* Problem requirements *
Everything from the line containing "Reply with one" to the last line of the records must be returned verbatim; nothing else belongs in the output.

* Records to use *
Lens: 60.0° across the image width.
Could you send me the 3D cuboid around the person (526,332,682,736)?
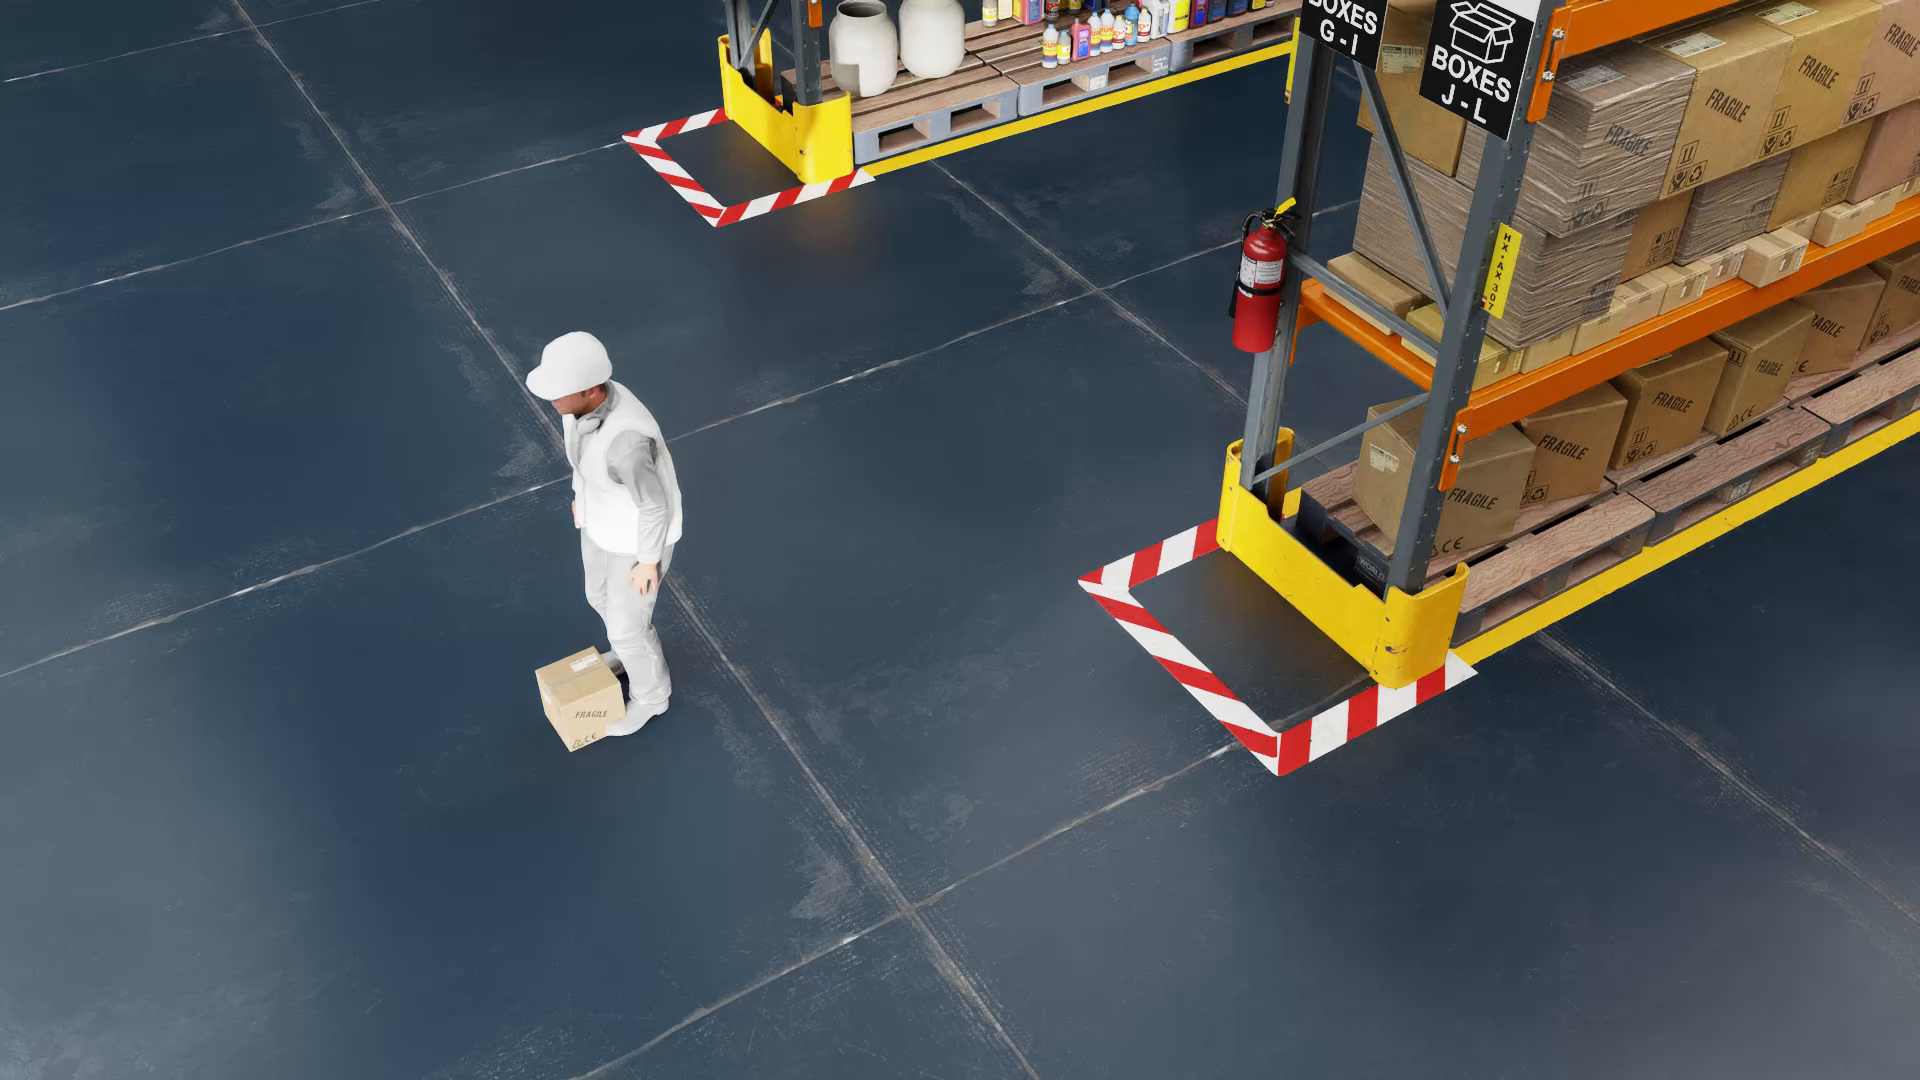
[{"bbox_3d":[-1.278,-0.041,6.189,0.476,1.766,0.581,-25,46,-26],"label":"person"}]
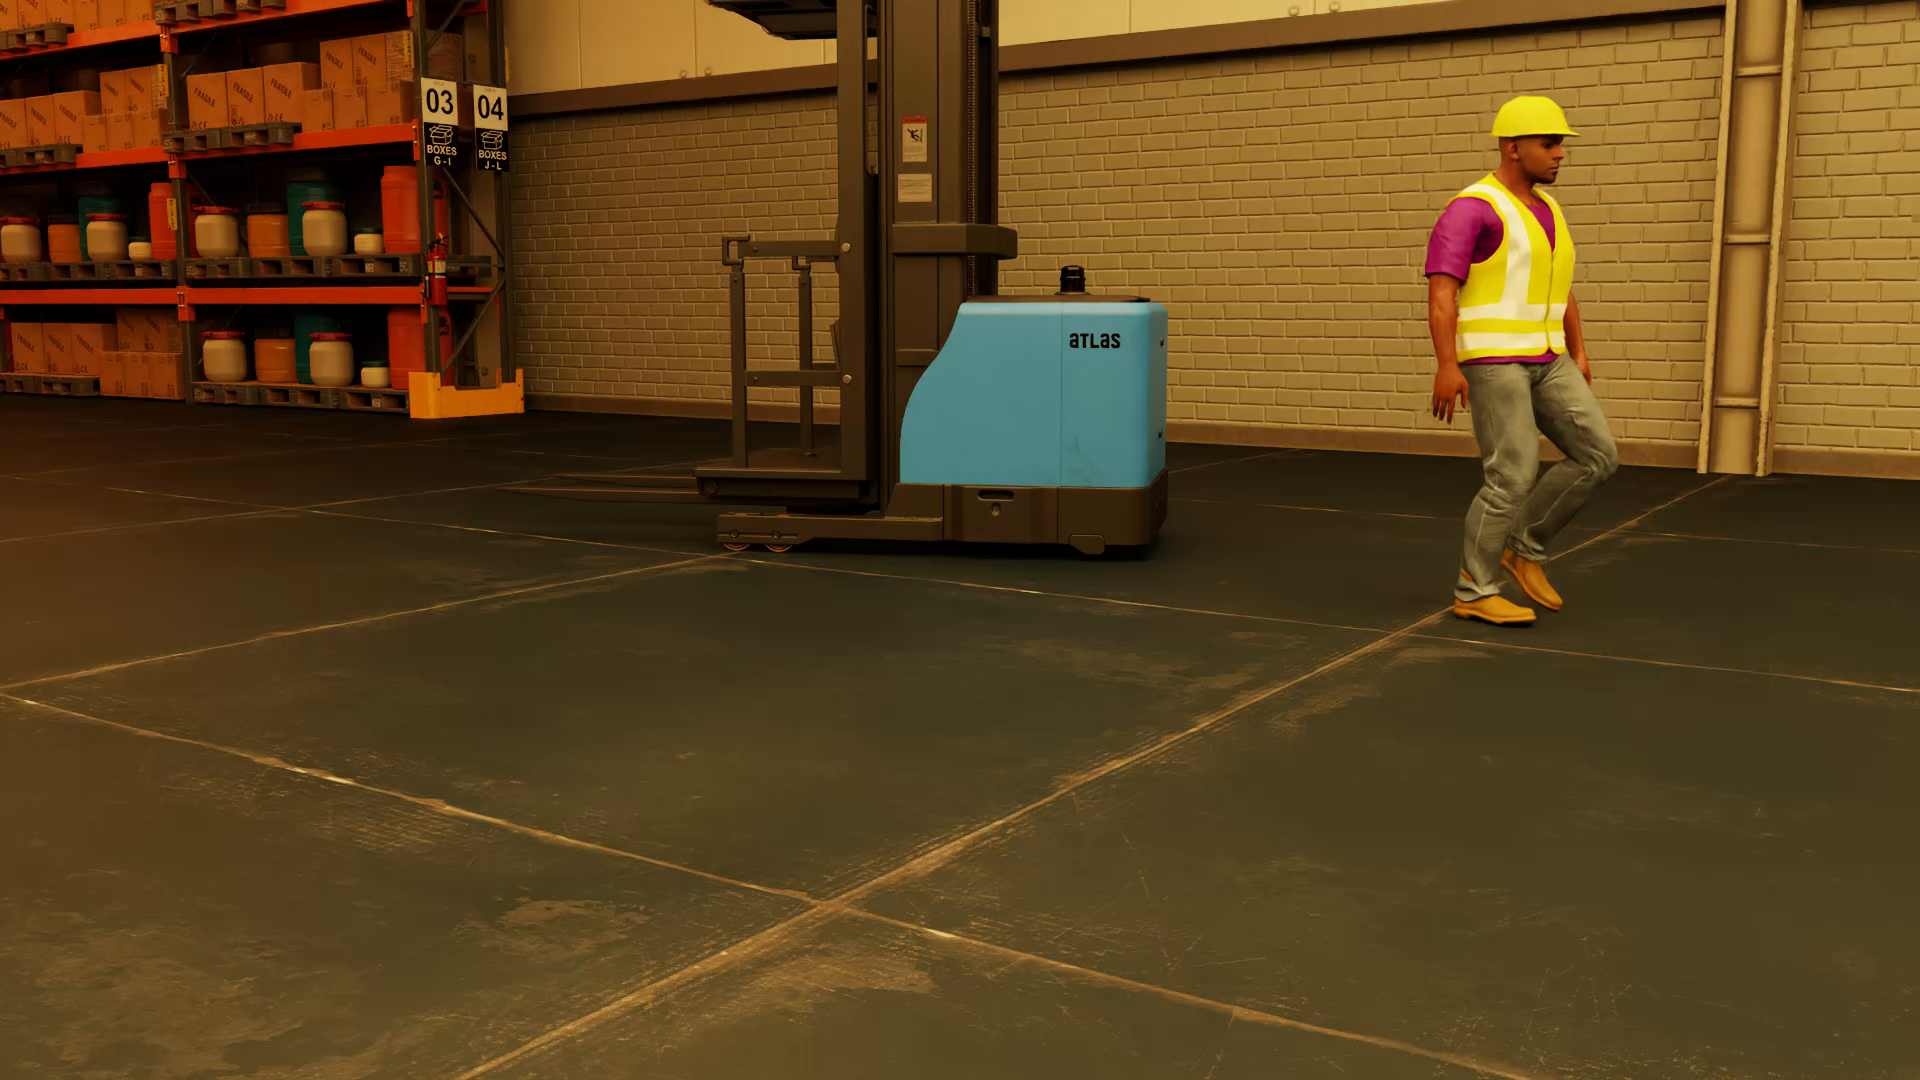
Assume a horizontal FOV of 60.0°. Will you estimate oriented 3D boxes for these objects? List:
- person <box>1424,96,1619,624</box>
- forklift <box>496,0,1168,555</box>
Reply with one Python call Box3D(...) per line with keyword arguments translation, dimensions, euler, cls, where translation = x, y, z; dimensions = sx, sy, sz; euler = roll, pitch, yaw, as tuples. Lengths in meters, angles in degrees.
Box3D(translation=(1.904, -0.591, 5.564), dimensions=(0.714, 1.747, 0.469), euler=(-7, 10, -39), cls="person")
Box3D(translation=(-0.596, -1.469, 7.520), dimensions=(3.031, 2.935, 1.130), euler=(2, 8, 12), cls="forklift")

* Answer box *
Reply with one Python call Box3D(...) per line with keyword arguments translation, dimensions, euler, cls, where translation = x, y, z; dimensions = sx, sy, sz; euler = roll, pitch, yaw, as tuples. Lengths in meters, angles in degrees.
Box3D(translation=(1.904, -0.591, 5.564), dimensions=(0.714, 1.747, 0.469), euler=(-7, 10, -39), cls="person")
Box3D(translation=(-0.596, -1.469, 7.520), dimensions=(3.031, 2.935, 1.130), euler=(2, 8, 12), cls="forklift")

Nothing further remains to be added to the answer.